# word_importance
To comprehend the plot of the entire film, or just an individual scene, we'll need to understand what the characters are speaking about. We'll use a variety of NLP tools to parse dialogue and try and see what the most important things they're talking about, be it other characters or concepts.

In [1]:
from subtitle_dataframes_io import *
import pysrt
import nltk
import string
from sklearn.feature_extraction.text import TfidfVectorizer
import pandas as pd
from collections import Counter
pd.set_option('display.max_colwidth', None)
nlp = spacy.load('en')

We'll start with a scene from *Plus One* (2019). We've previously defined a few functions to parse the subtitles file.

In [2]:
subs = pysrt.open('../subtitles/plus_one.srt')
subtitle_df = generate_base_subtitle_df(subs)
subtitle_df = generate_subtitle_features(subtitle_df)
subtitle_df['cleaned_text'] = subtitle_df['concat_sep_text'].map(clean_line)
sentences = partition_sentences(remove_blanks(subtitle_df['cleaned_text'].tolist()), nlp)

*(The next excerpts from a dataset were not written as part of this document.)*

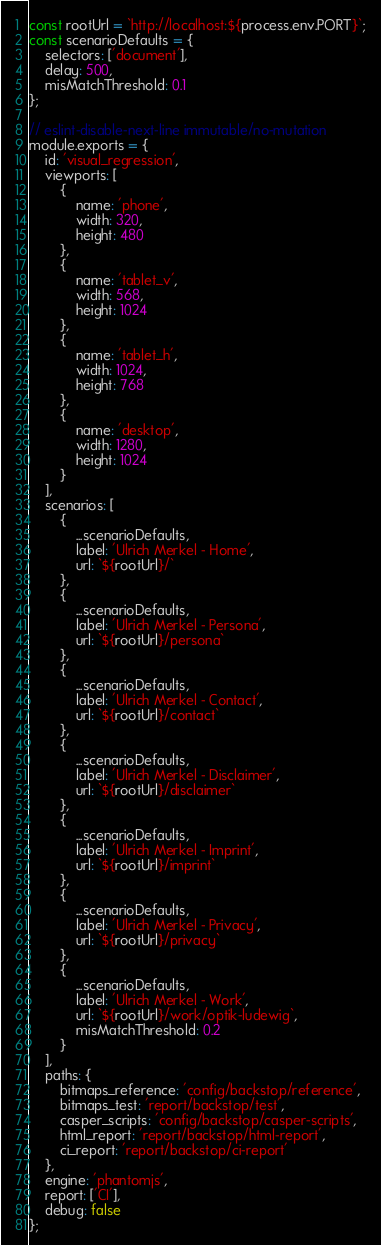<code> <loc_0><loc_0><loc_500><loc_500><_JavaScript_>const rootUrl = `http://localhost:${process.env.PORT}`;
const scenarioDefaults = {
    selectors: ['document'],
    delay: 500,
    misMatchThreshold: 0.1
};

// eslint-disable-next-line immutable/no-mutation
module.exports = {
    id: 'visual_regression',
    viewports: [
        {
            name: 'phone',
            width: 320,
            height: 480
        },
        {
            name: 'tablet_v',
            width: 568,
            height: 1024
        },
        {
            name: 'tablet_h',
            width: 1024,
            height: 768
        },
        {
            name: 'desktop',
            width: 1280,
            height: 1024
        }
    ],
    scenarios: [
        {
            ...scenarioDefaults,
            label: 'Ulrich Merkel - Home',
            url: `${rootUrl}/`
        },
        {
            ...scenarioDefaults,
            label: 'Ulrich Merkel - Persona',
            url: `${rootUrl}/persona`
        },
        {
            ...scenarioDefaults,
            label: 'Ulrich Merkel - Contact',
            url: `${rootUrl}/contact`
        },
        {
            ...scenarioDefaults,
            label: 'Ulrich Merkel - Disclaimer',
            url: `${rootUrl}/disclaimer`
        },
        {
            ...scenarioDefaults,
            label: 'Ulrich Merkel - Imprint',
            url: `${rootUrl}/imprint`
        },
        {
            ...scenarioDefaults,
            label: 'Ulrich Merkel - Privacy',
            url: `${rootUrl}/privacy`
        },
        {
            ...scenarioDefaults,
            label: 'Ulrich Merkel - Work',
            url: `${rootUrl}/work/optik-ludewig`,
            misMatchThreshold: 0.2
        }
    ],
    paths: {
        bitmaps_reference: 'config/backstop/reference',
        bitmaps_test: 'report/backstop/test',
        casper_scripts: 'config/backstop/casper-scripts',
        html_report: 'report/backstop/html-report',
        ci_report: 'report/backstop/ci-report'
    },
    engine: 'phantomjs',
    report: ['CI'],
    debug: false
};
</code> 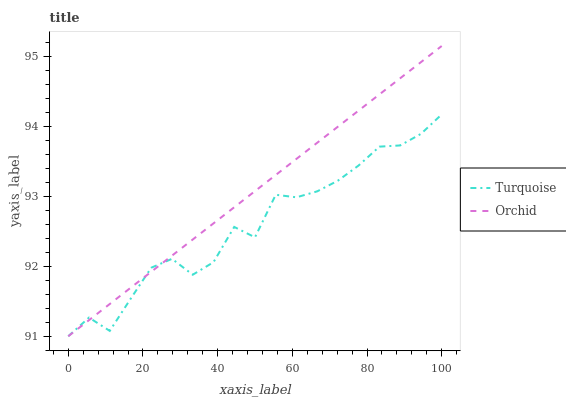Does Orchid have the minimum area under the curve?
Answer yes or no. No. Is Orchid the roughest?
Answer yes or no. No. 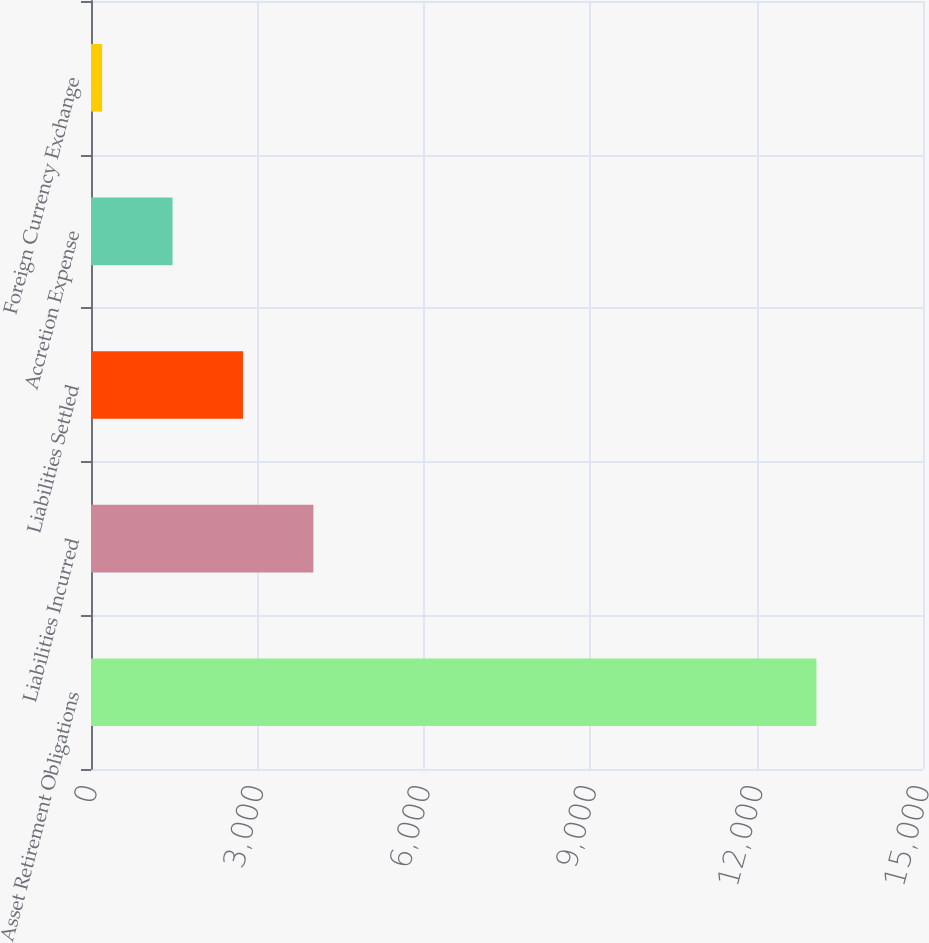Convert chart. <chart><loc_0><loc_0><loc_500><loc_500><bar_chart><fcel>Asset Retirement Obligations<fcel>Liabilities Incurred<fcel>Liabilities Settled<fcel>Accretion Expense<fcel>Foreign Currency Exchange<nl><fcel>13078.7<fcel>4009.1<fcel>2739.4<fcel>1469.7<fcel>200<nl></chart> 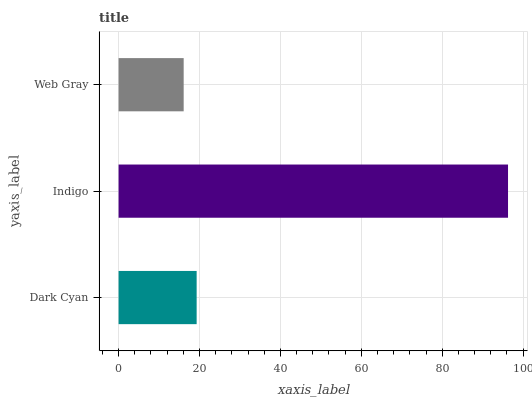Is Web Gray the minimum?
Answer yes or no. Yes. Is Indigo the maximum?
Answer yes or no. Yes. Is Indigo the minimum?
Answer yes or no. No. Is Web Gray the maximum?
Answer yes or no. No. Is Indigo greater than Web Gray?
Answer yes or no. Yes. Is Web Gray less than Indigo?
Answer yes or no. Yes. Is Web Gray greater than Indigo?
Answer yes or no. No. Is Indigo less than Web Gray?
Answer yes or no. No. Is Dark Cyan the high median?
Answer yes or no. Yes. Is Dark Cyan the low median?
Answer yes or no. Yes. Is Web Gray the high median?
Answer yes or no. No. Is Web Gray the low median?
Answer yes or no. No. 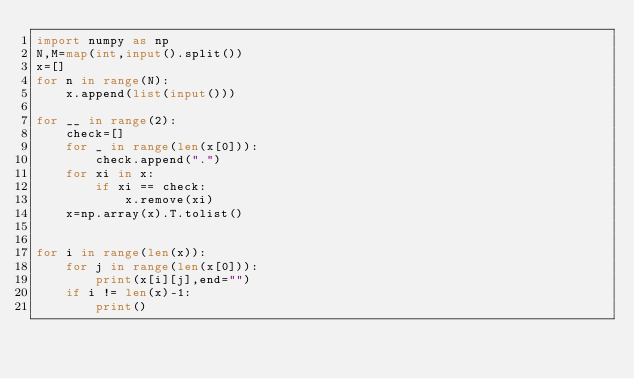<code> <loc_0><loc_0><loc_500><loc_500><_Python_>import numpy as np
N,M=map(int,input().split())
x=[]
for n in range(N):
	x.append(list(input()))

for __ in range(2):
	check=[]
	for _ in range(len(x[0])):
		check.append(".")
	for xi in x:
		if xi == check:
			x.remove(xi)
	x=np.array(x).T.tolist()


for i in range(len(x)):
	for j in range(len(x[0])):
		print(x[i][j],end="")
	if i != len(x)-1:
		print()</code>

We have a list of the film's entire sentences called `sentences`. We'll also define two more data objects at the scene level: `scene_sentences` which is a single long string of the scene's sentences, and then a `spaCy` doc of those scene-level sentences called `scene_nlp_doc`.

In [3]:
scene_sentences = (' ').join(sentences[880:976])
scene_nlp_doc = nlp(scene_sentences)

## Entity Counting
`spaCy` can conduct Entity Recognition, identifying people and organizations, as well as more abstract things like quantities or periods of time (like "tomorrow"). We can simply count up the most common entites in a scene.

In [4]:
entities = []

for ent in scene_nlp_doc.ents:
    entities.append(ent.text)
count = Counter(entities)
count.most_common(10)

[('Nate', 6),
 ('Alice', 3),
 ('Jess Ramsey', 2),
 ('first', 2),
 ('Ben King', 2),
 ('Maggie', 1),
 ('one night', 1),
 ('Alice Mori', 1),
 ('tomorrow', 1),
 ('two weeks', 1)]

In this scene, the pair (Alice and Ben King) is arguing about exes and prospective romantic partners: Nate, Maggie, and Jess Ramsey. This was a rough solution, but it worked, mostly because they're talking about named entities.

This would be further improved if we could conduct pronoun resolution to link pronouns to their original subject. This string of sentences early in the scene is all about Maggie: *Um... she was good. Yeah she was... she was really... Yeah. She was cool.* If we could tell these sentences were about Maggie, she should appear higher in our list.